De bonus waar [verzoeker] aanspraak op maakt, wordt per jaar vastgesteld op basis van een vooraf overeengekomen Bonus agreement en gerealiseerde targets.
2.5.
Op 1 september 2015 meldt [verzoeker] zich ziek als gevolg van een burn out. Drs. L.J. [bedrijfsarts] (bedrijfsarts) verklaart in de Probleemanalyse WIA d.d. 18 oktober 2015 over [verzoeker] het volgende.
Op dit moment zijn er geen arbeidsmogelijkheden. (…)
De prognose is goed, er is geen medische reden om aan te nemen dat betrokkene niet meer in de eigen functie terug kan keren.
2.6.
In het Plan van Aanpak WIA d.d. 29 oktober 2015 kruist [bedrijfsarts] als einddoel ‘Werkhervatting in de eigen functie’ aan en verklaart over de te nemen stappen als volgt:
Zodra er enig herstel is voor een beperkt aantal uur hervatten in een beperkte taak en naar bevinden uitbreiden.
2.7.
In de brief van de door Sanovo ingeschakelde psycholoog drs. [psycholoog] (HSK) d.d. 6 november 2016 staat over de vervolg stappen van [verzoeker] , onder meer, het volgende vermeldt.
Om een succesvolle re-integratie te bevorderen adviseren wij in overleg met betrokkene en de bedrijfsarts en/of de verzuimadviseur een werkhervattingplan op te stellen met een geleidelijke uitbreiding van het aantal uren, taken en verantwoordelijkheden en daarbij regelmatig de voortgang met betrokkene te blijven evalueren en betrokkene voorlopig wat te ontzien (geen tijdsdruk).
2.8.
Op 25 november 2015 vindt op verzoek van [CEO van verweersters] een gesprek plaats tussen hem en [verzoeker] . [CEO van verweersters] geeft in dit gesprek aan dat [verzoeker] niet meer kan terugkeren in zijn eigen functie, omdat zijn burn out dit onmogelijk maakt. In vervolg op dit gesprek doet Sanovo [verzoeker] op 27 november 2015 een beëindigingsvoorstel. [verzoeker] wijst dit beëindigingsvoorstel af.
2.9.
[CEO van verweersters] vult op 22 januari 2016 het formulier (Eerstejaars)evaluatie van het UWV in. Op de vraag of de afgesproken re-integratieactiviteiten volgens plan zijn uitgevoerd antwoordt [CEO van verweersters] bevestigend en voegt daaraan het volgende toe.

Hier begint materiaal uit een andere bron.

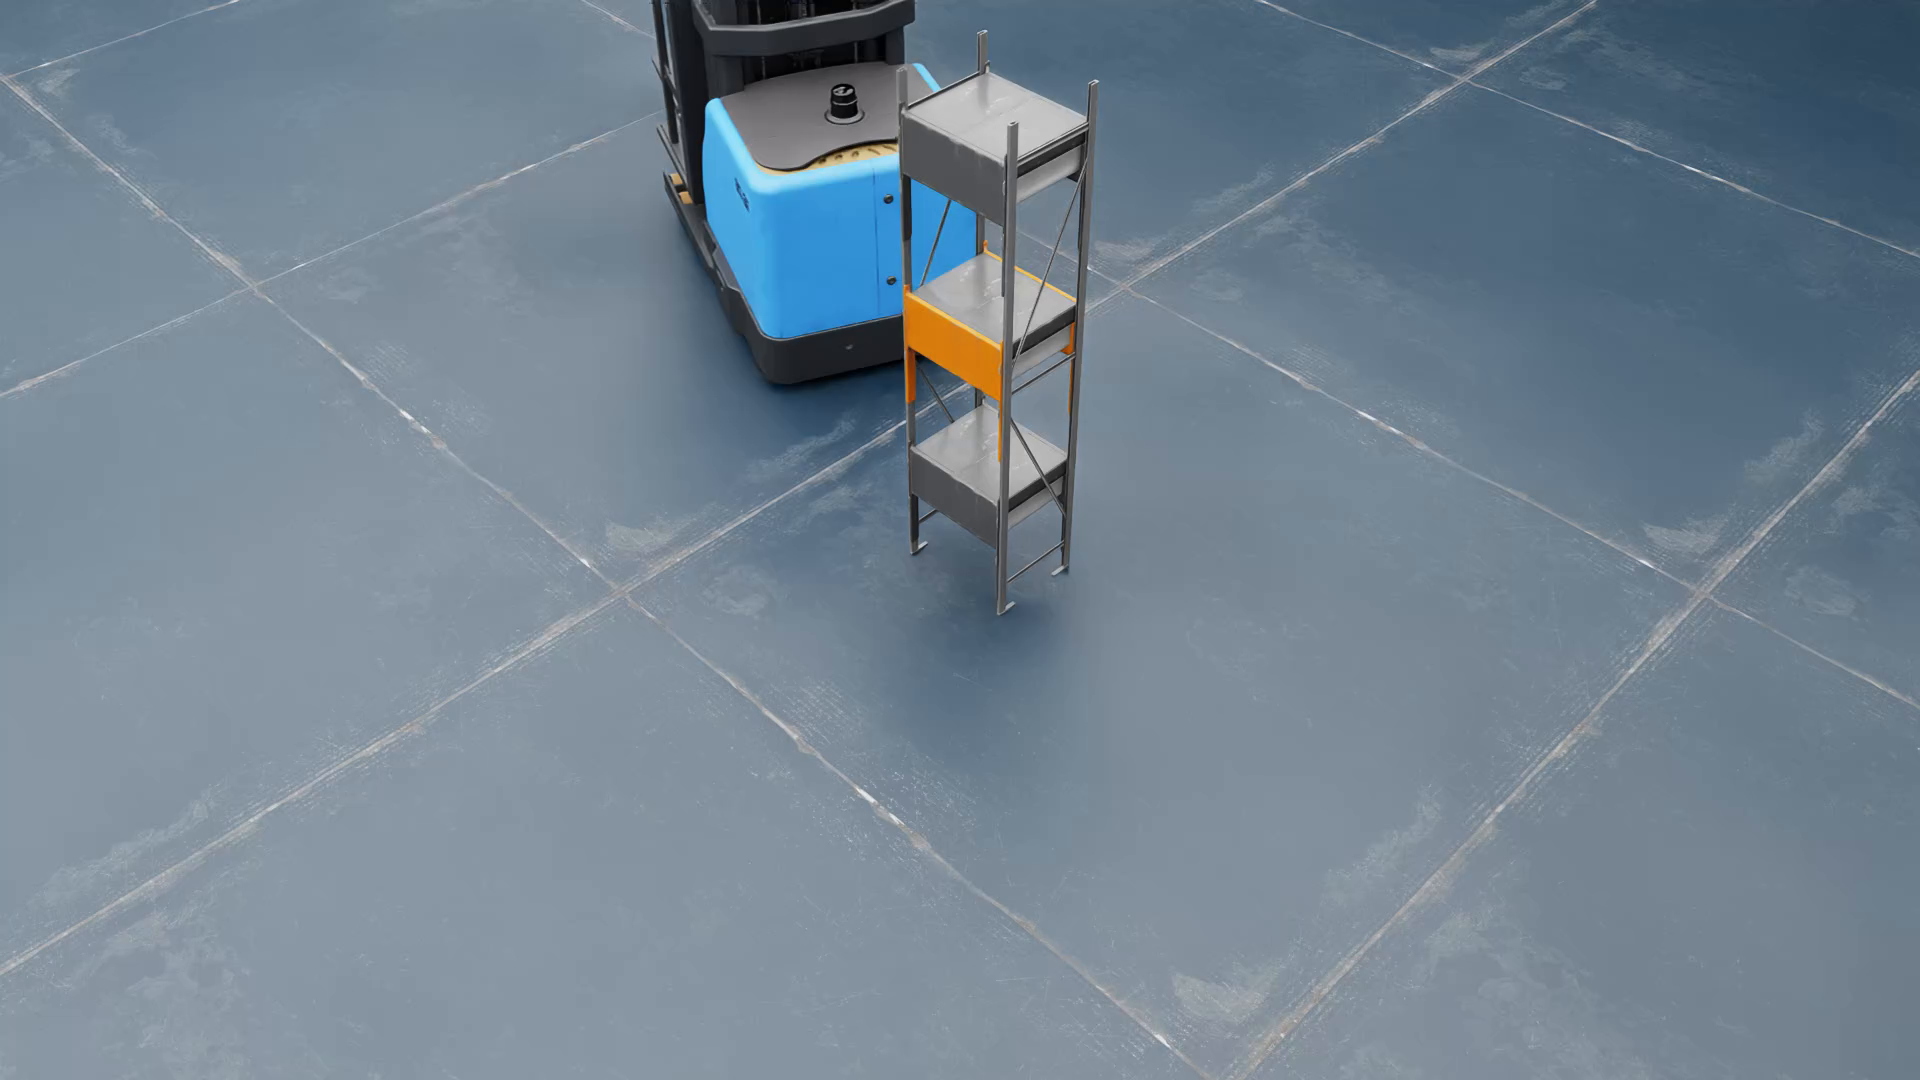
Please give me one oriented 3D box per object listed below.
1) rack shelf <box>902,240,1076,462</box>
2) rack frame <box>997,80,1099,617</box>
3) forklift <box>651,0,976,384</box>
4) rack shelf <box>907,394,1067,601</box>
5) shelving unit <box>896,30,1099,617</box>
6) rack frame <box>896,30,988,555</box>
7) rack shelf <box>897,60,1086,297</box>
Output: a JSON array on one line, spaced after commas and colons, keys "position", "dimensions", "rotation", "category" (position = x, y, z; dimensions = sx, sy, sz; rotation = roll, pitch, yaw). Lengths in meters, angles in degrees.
[{"position": [0.117, -0.682, 5.961], "dimensions": [0.431, 0.518, 0.480], "rotation": [-34, 53, -31], "category": "rack shelf"}, {"position": [0.289, -0.574, 5.824], "dimensions": [0.400, 2.100, 0.015], "rotation": [-34, 53, -31], "category": "rack frame"}, {"position": [-0.887, -2.781, 7.600], "dimensions": [1.130, 2.935, 3.031], "rotation": [-14, 45, -15], "category": "forklift"}, {"position": [0.117, -0.167, 6.436], "dimensions": [0.431, 0.518, 0.480], "rotation": [-34, 53, -31], "category": "rack shelf"}, {"position": [0.117, -0.692, 5.951], "dimensions": [0.431, 2.100, 0.503], "rotation": [-34, 53, -31], "category": "shelving unit"}, {"position": [-0.055, -0.809, 6.078], "dimensions": [0.400, 2.100, 0.015], "rotation": [-34, 53, -31], "category": "rack frame"}, {"position": [0.117, -1.196, 5.486], "dimensions": [0.431, 0.518, 0.480], "rotation": [-34, 53, -31], "category": "rack shelf"}]

In passende werkzaamheden hervatten, gaandeweg langer en zwaarder maken naar bevinden is nog niet gelukt ivm medische beperking.
Op de vervolgvraag of er reden is om het einddoel van de re-integratie bij te stellen antwoordt [CEO van verweersters] eveneens bevestigend en licht het als volgt toe.
Gehele werkhervatting bij een andere werkgever, vanwege oordeel werkgever (Group CEO in Denemarken) dat werknemer na herstel niet meer in eigen functie kan terugkeren. Ziekteperiode duurt te lang en teveel kans op terugval.
2.10.
In de salarisronde van januari 2016 wordt een loonreductie ingevoerd. Sanovo heeft het salaris van [verzoeker] , dat tot dan toe volledig (100%) werd doorbetaald tijdens ziekte, eenzijdig en zonder overleg teruggebracht tot 70% van het maximum dagloon. [verzoeker] is een kort geding gestart, waarna dit geschil tussen partijen alsnog onderling is opgelost in die zin dat Sanovo [verzoeker] geheel tegemoet is gekomen.
2.11.
[bedrijfsarts] bericht Sanovo in zijn brief van 25 februari 2016 over [verzoeker] als volgt.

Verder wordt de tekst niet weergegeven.